The health care web site wasn’t one stop shopping.
Via Miami Herald
Luis Martinez of Hialeah survived two heart attacks during the more than 10 years that he went without health insurance.
So he was relieved to finally find coverage on the Affordable Care Act’s insurance exchange in March, two weeks before the enrollment deadline.
But four months after he and his wife signed up for a subsidized, bronze-level health plan with Coventry, Martinez, 51, said he feels as though he has fallen into a black hole of government bureaucracy while trying to prove his income and his wife’s citizenship in order to keep their coverage, part of a national effort to verify policyholders’ eligibility.
Martinez, who has stents implanted in his coronary arteries, said he has tried repeatedly for more than a month to comply with the government’s requests for additional documentation to resolve inconsistencies in his personal information — or risk losing his $457 monthly subsidy, and health insurance for him and his wife, Rocio Balbin, 46.
So far, officials with the U.S. Department of Health and Human Services are not satisfied with his response.
“I am against time,” said Martinez, a computer systems administrator who is studying at night to earn a bachelor’s degree in electrical engineering. “I have a dream, and I want to finish my career before I die. This is stressing me out.”
HHS officials declined to comment on Martinez’s case, but the agency is contacting hundreds of thousands of people with subsidized health plans bought under the ACA to verify their eligibility, particularly income and citizenship status, months after they first applied for and received financial aid to help them pay premiums and out-of-pocket costs for their coverage.

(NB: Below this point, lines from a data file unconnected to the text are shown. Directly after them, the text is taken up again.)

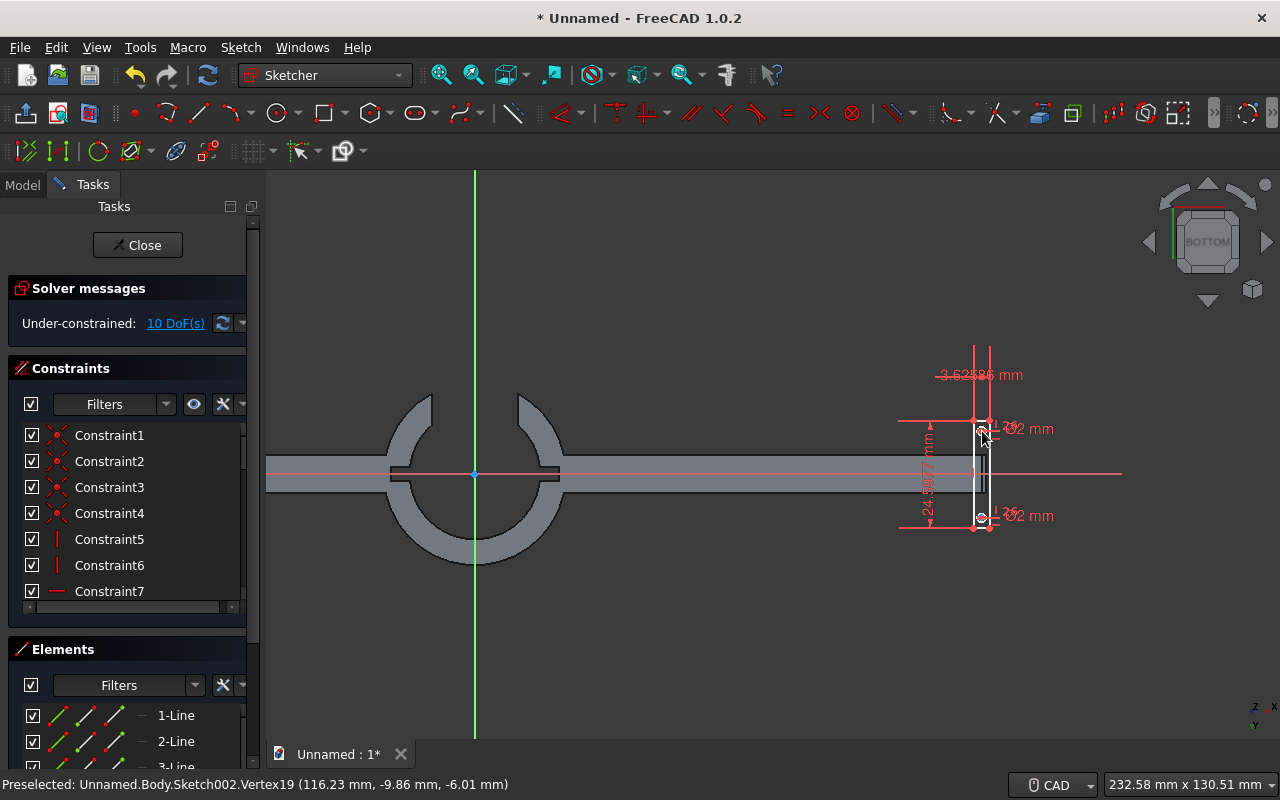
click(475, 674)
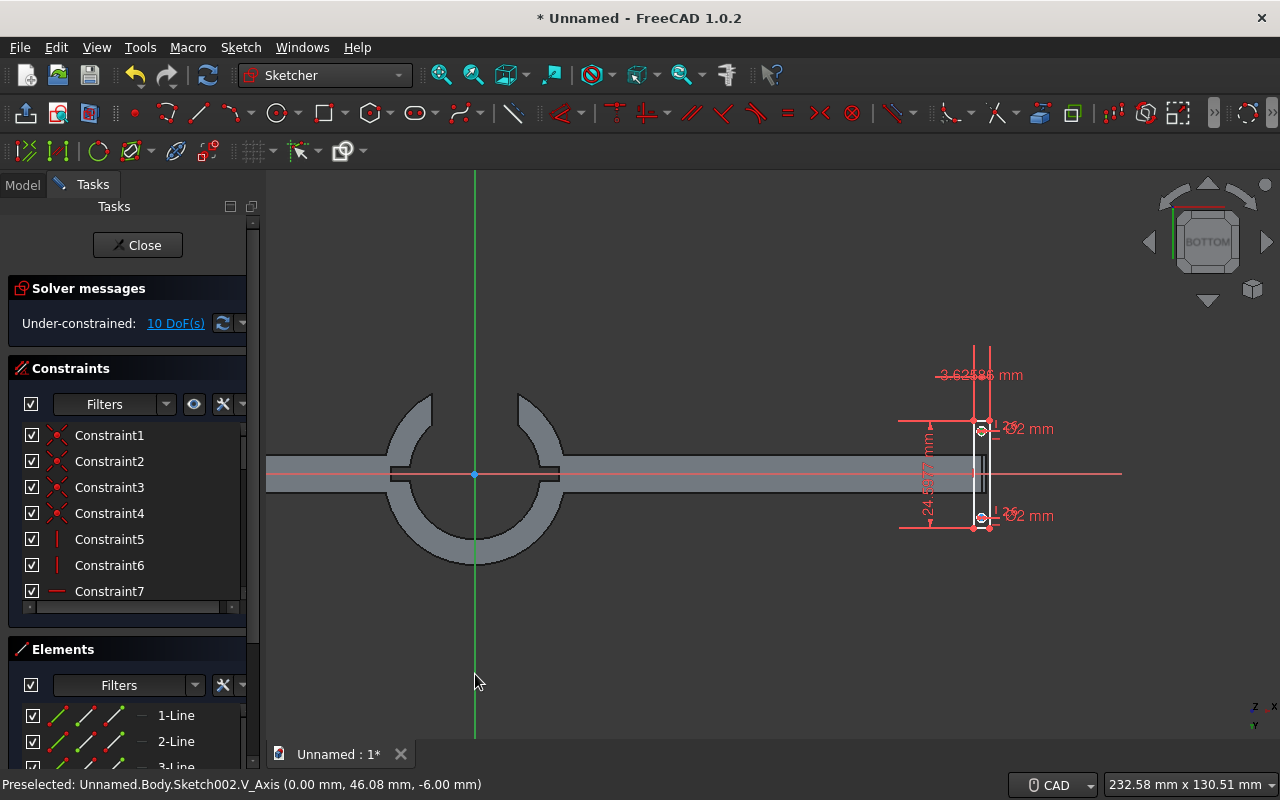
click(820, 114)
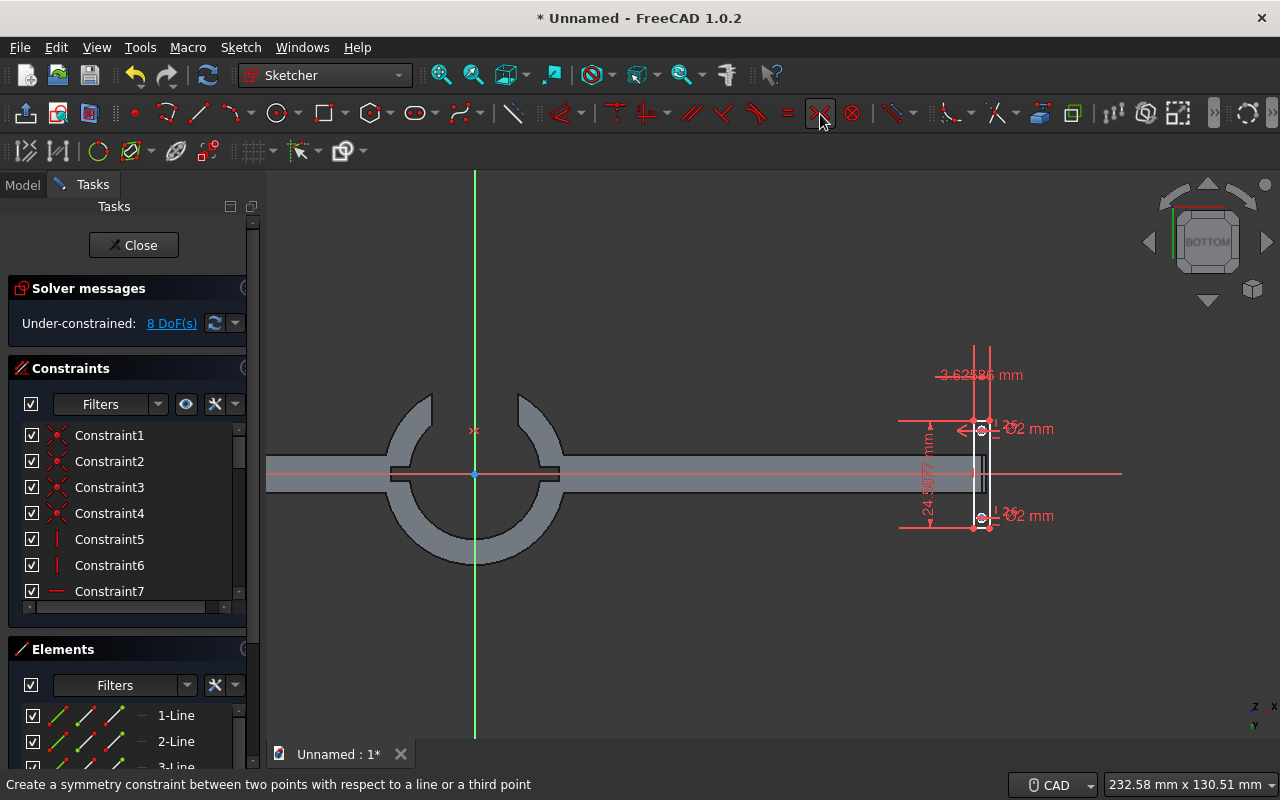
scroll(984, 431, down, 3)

About eight million people signed up for a health plan through the ACA exchanges. According to the Kaiser Family Foundation, 85 percent of them were eligible for financial aid, and the government is expected to deliver about $10 billion in subsidies during the first year.
Healthcare analysts say some consumers will end up paying higher monthly premiums as a result of the verification process, while others may have to repay some or all of their subsidies if they are found to be ineligible.
But for some, like Martinez, the verification process has become a maze of red tape.
Martinez has receipts showing that he mailed at least five identical packages — containing, he said, copies of his U.S. passport, his wife’s residency card, their 2013 income tax statement and his Florida driver license — by certified mail to the HHS-designated address in London, Kentucky.